Defining WIDTH as 128 poses no problems, int is at least 16 bit wide on all conforming platforms.
Defining WIDTH as 128U would make it an unsigned integer constant literal. Since the value fits in an unsigned int (mandated to be at least 16 bit wide), it has type unsigned int. sizeof(WIDTH) evaluates to sizeof(unsigned int), which is entirely platform specific.
Using this suffix is not recommended. It would have surprising side effects:
if (WIDTH > -1) {
printf("This will never print\n");
}
Since WIDTH expands to 128U, an unsigned constant, the comparison is performed as an unsigned comparison, -1 is converted to unsigned and becomes UINT_MAX, a value much larger than 128. Don't do this.
If you subsequently store WIDTH into a char variable, you may have a problem. It would actually not make a difference whether you define it as 128 or 128U, you would still have an overflow if the char type is 8 bit and signed, leading to undefined behavior. On most platforms, the value stored would indeed be -128 but you cannot even rely on that.

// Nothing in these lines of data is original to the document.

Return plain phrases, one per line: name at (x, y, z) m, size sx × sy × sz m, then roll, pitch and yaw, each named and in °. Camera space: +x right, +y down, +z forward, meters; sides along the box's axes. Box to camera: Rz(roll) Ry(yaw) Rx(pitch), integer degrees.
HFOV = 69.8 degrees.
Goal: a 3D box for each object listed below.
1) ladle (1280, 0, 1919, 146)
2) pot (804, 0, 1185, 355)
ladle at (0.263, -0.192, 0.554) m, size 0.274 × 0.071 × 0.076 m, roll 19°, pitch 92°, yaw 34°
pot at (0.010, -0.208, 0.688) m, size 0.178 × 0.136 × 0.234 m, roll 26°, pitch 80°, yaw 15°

More importantly, you should use all the help the compiler can give you by enabling all compiler warnings and making them errors:
gcc -Wall -Wextra -Werror
or
clang -Weverything -Werror
Very few of these warnings are annoying, most of them are very useful and point to silly mistakes, typos and oversights.
First of all 128 is not equal to -128 on a 8-bit platform.

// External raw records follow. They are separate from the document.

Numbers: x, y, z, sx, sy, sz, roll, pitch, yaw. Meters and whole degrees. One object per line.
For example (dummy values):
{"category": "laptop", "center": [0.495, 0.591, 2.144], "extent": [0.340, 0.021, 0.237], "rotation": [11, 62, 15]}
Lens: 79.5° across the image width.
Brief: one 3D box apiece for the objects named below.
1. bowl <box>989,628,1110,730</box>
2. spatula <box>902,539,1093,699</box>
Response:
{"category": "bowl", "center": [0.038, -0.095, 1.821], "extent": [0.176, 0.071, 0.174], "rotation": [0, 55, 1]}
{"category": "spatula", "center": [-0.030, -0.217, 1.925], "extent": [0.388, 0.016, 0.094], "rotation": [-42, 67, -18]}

Second this has nothing to do with the preprocessor. What the preprocessor does is to replace WIDTH with whatever it's defined as. That is the question is why you write 128 or 128u in your source.

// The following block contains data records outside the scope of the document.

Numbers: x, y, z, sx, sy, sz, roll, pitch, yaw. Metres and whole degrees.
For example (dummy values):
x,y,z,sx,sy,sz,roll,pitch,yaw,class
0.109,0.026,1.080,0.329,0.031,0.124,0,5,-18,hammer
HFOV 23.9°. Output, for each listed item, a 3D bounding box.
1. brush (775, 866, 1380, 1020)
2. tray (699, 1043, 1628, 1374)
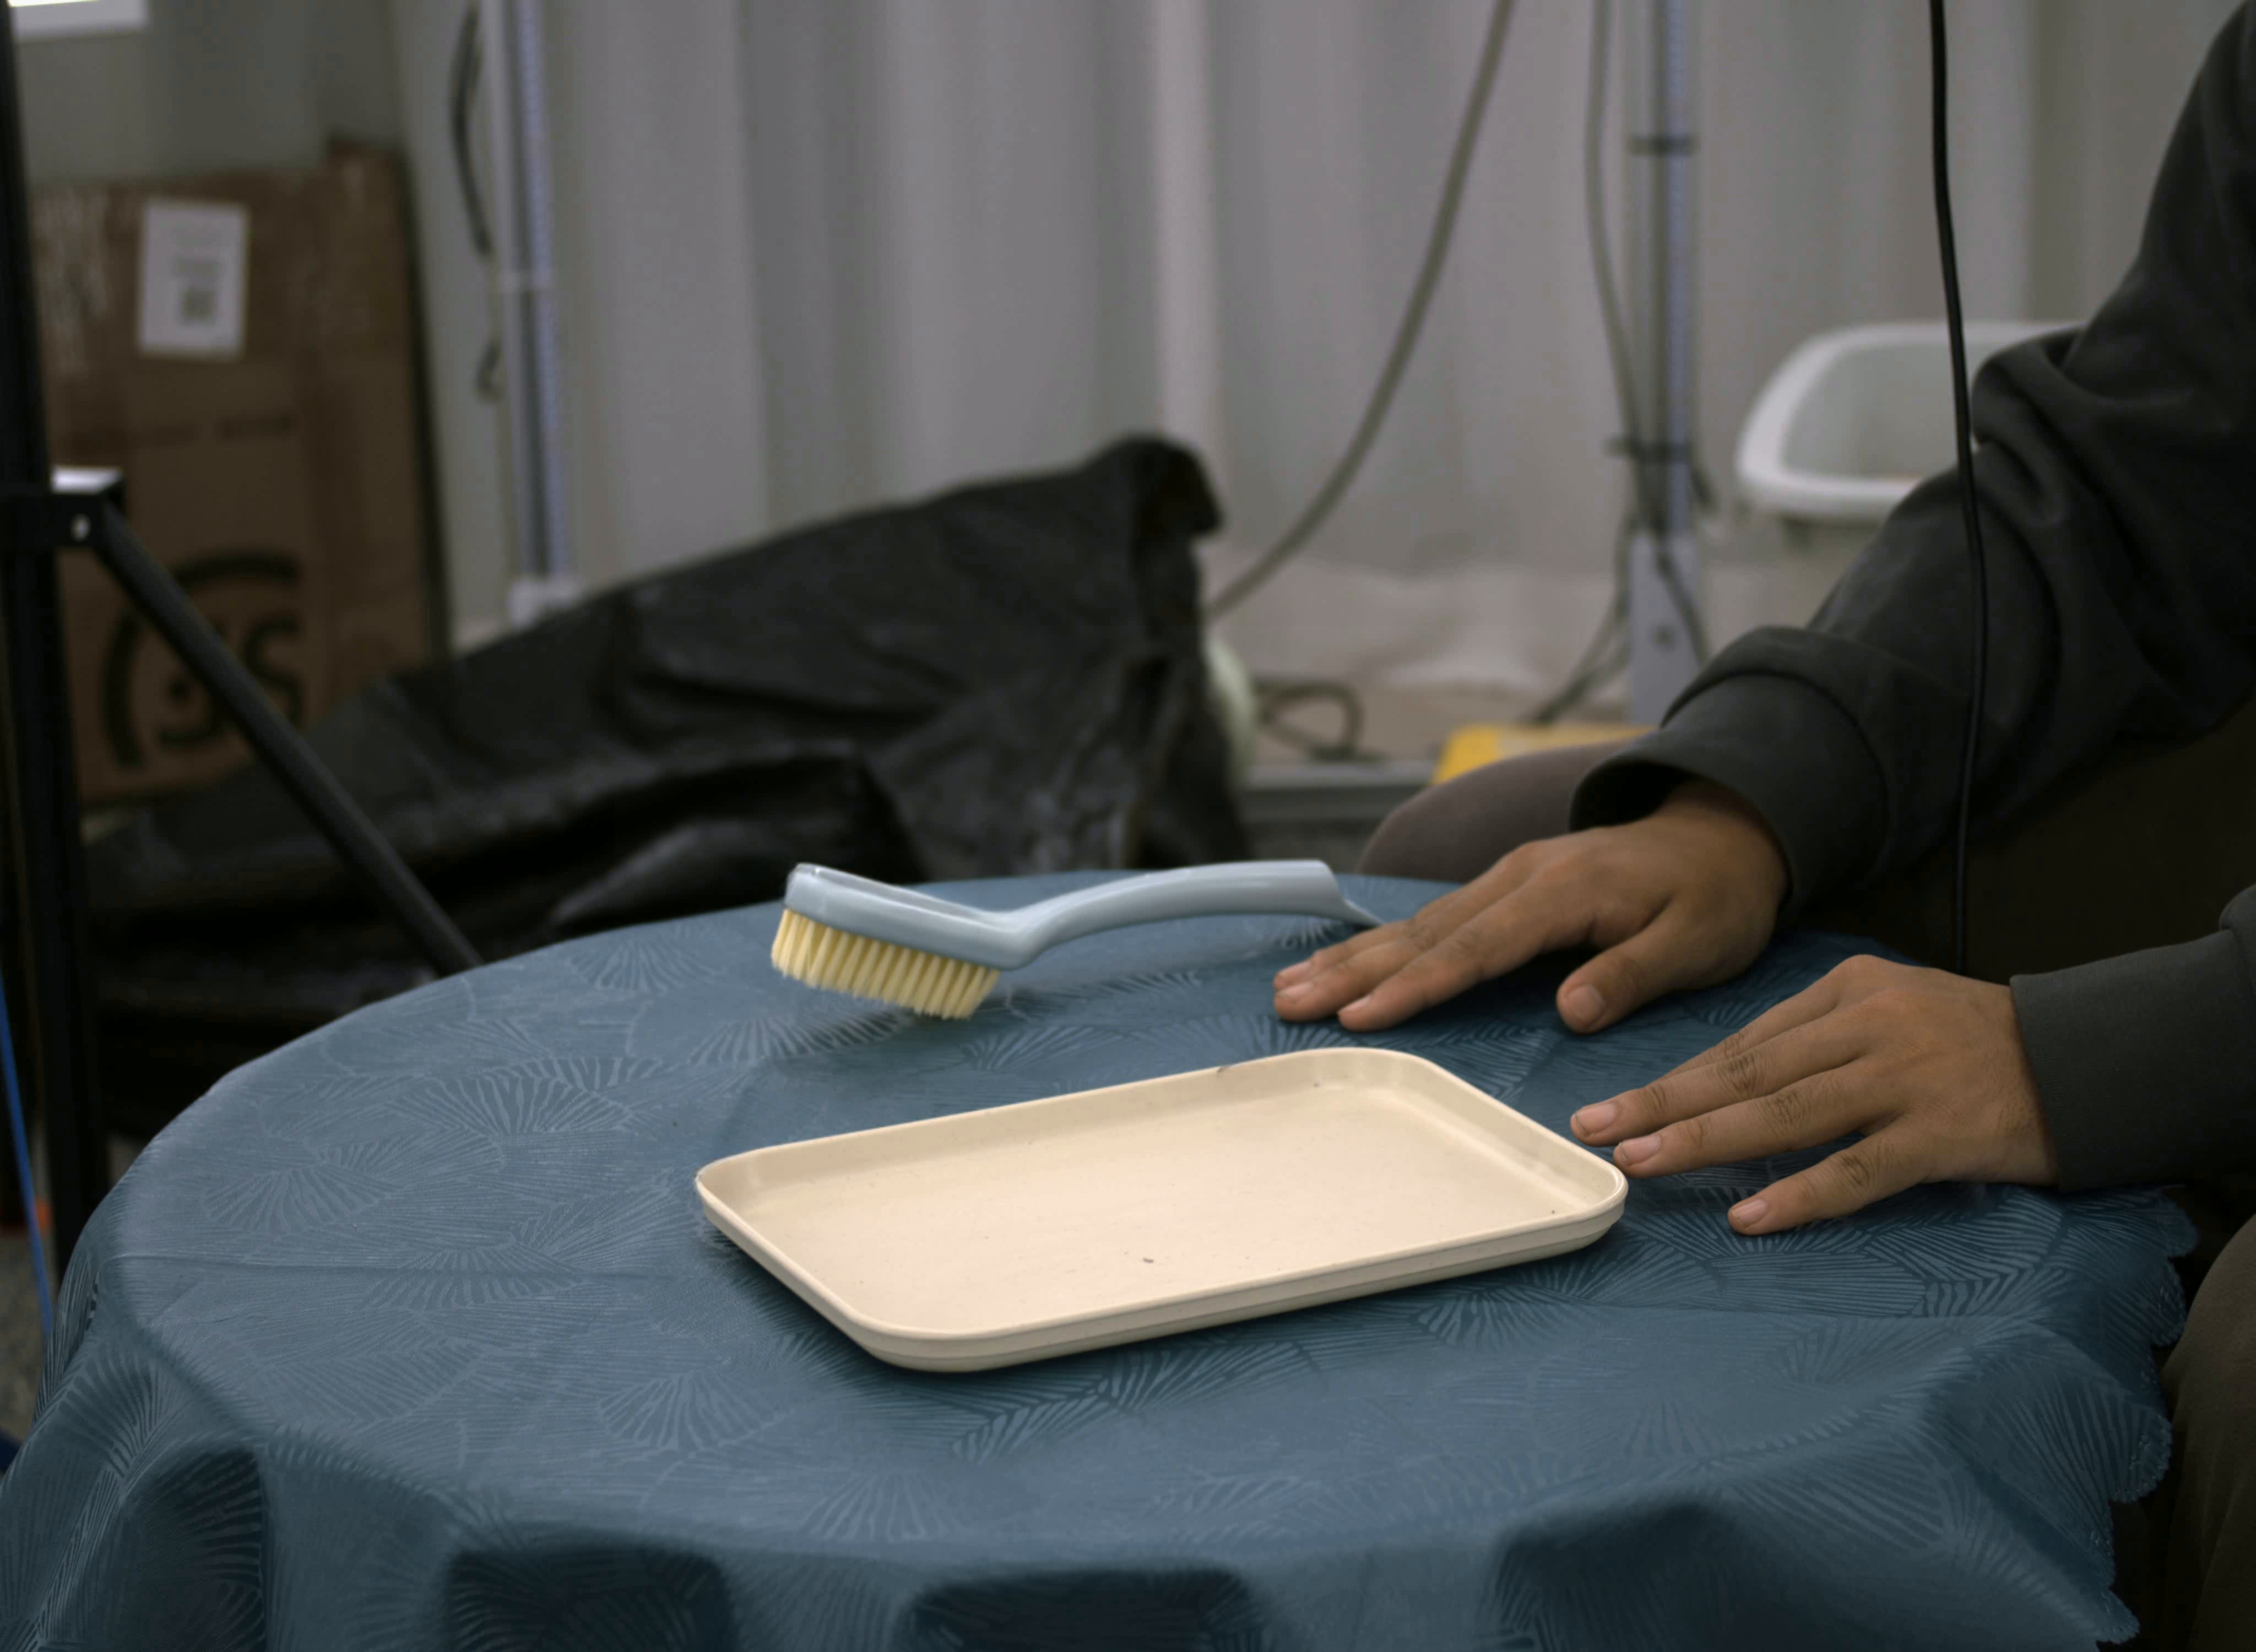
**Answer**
x,y,z,sx,sy,sz,roll,pitch,yaw,class
-0.014,0.037,1.752,0.223,0.050,0.038,-2,19,-31,brush
0.010,0.109,1.519,0.235,0.017,0.174,-9,18,-22,tray

The suffix u is not about type casting, it's about to indicate the type of the literal. In this example 128 is an literal with value 128 of type int while 128u is a literal with value 128 of type unsigned int. It's not a problem immediately here, but if you start to use them and end up larger than 32767 you could run into problems. For example:
#define WIDTH 256u
#define HEIGHT 192u
unsigned npixels = WIDTH * HEIGHT;
it should be noted that the suffices are required to make it portable (what could happen is that the platform only uses 16-bit ints and with int the multiplication would overflow which means undefined behavior).
Also note that in newer C standards (but not the antique ones) will extend the literal to become as large as necessary if possible. For example the literal 32768 means a signed integral type with value 32768, if int isn't large enough to hold that signed number then larger types would be used.
The sizeof these integers are the same as sizeof(int) as the type of the literals are int and unsigned int. The actual value of sizeof(int) could be any positive integer.
Giving C99 chapters because I don't have the C11 document at hand.
ISO/IEC 9899:1999, 6.4.4.1 Integer constants
The type of an integer constant is the first of the corresponding list in which its value can be represented.
For decimal constants without suffix:
int
long int
long long int
For decimal constants with u or U suffix:
unsigned int
unsigned long int
unsigned long long int
ISO/IEC 9899:1999, 5.2.4.2.1 Sizes of integer types
The width of integer types is implementation-defined, as is the binary representation.
INT_MAX -- the largest value an int can take -- is guaranteed to be at least +32767.
UINT_MAX -- the largest value an unsigned int can take -- is guaranteed to be at least 65535.
ISO/IEC 9899:1999, 6.3.1.8 Usual arithmetic conversions
If you compare an int with an unsigned int, the int will be implicitly converted to unsigned int for the comparison. Similar for the short / long / long long types. As #chqrlie pointed out, this can be a problem; your compiler should give you a warning if this happens (you are always compiling with -Wall -Wextra / /W3 enabled, aren't you?).
Summary
Your constants will fit into an int / unsigned int even on an 8-bit machine. Assuming they would not, the compiler would use the next largest type for them (instead of casting the value).
As for why we do it...
If you, for example, intend to use WIDTH for comparisons with the result of sizeof(), or the return code of strlen(), or anything else that is unsigned by nature, you would want WIDTH to have the same value domain, i.e. being able to hold all possible values.
That is why you would want WIDTH to be unsigned as well.